[DATASET CONTENT — start]
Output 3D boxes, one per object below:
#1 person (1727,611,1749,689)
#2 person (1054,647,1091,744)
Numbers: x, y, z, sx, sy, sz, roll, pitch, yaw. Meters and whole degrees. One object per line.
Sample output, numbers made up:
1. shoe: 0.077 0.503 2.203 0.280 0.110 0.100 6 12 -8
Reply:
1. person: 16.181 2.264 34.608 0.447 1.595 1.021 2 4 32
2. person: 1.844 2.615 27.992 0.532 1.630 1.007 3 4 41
[DATASET CONTENT — finish]
[DATASET CONTENT — start]
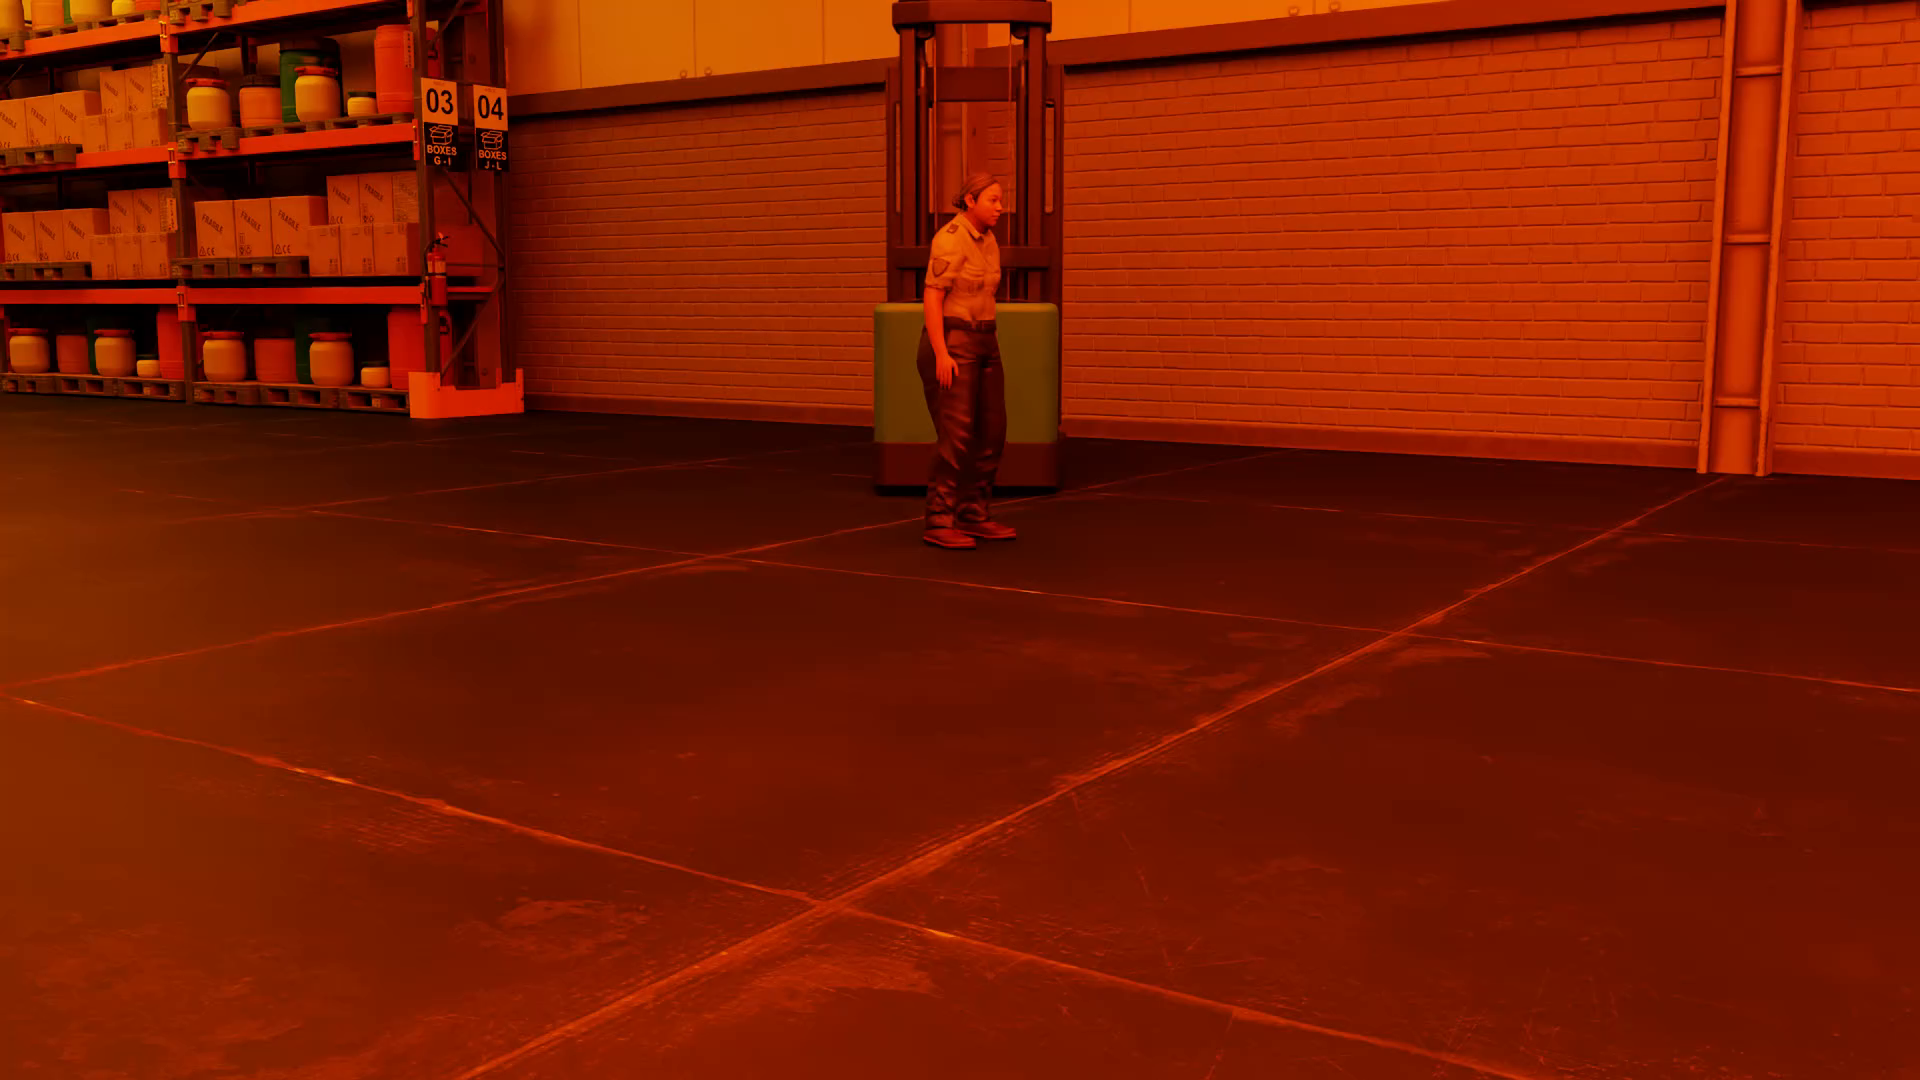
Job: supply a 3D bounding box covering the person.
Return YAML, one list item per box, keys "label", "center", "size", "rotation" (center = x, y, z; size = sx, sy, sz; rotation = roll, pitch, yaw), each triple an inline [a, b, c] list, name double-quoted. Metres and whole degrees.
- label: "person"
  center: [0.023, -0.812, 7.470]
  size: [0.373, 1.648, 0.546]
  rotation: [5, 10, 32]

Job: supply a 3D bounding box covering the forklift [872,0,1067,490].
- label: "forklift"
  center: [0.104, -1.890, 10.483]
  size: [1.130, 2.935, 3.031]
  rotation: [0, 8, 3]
[DATASET CONTENT — finish]
# EXERCISE BRIEF
Whenever a line of the listing above holds the word "object", copy that line.

# OUTPUT FOR THIS EXERCISE
Output 3D boxes, one per object below:
Numbers: x, y, z, sx, sy, sz, roll, pitch, yaw. Meters and whole degrees. One object per line.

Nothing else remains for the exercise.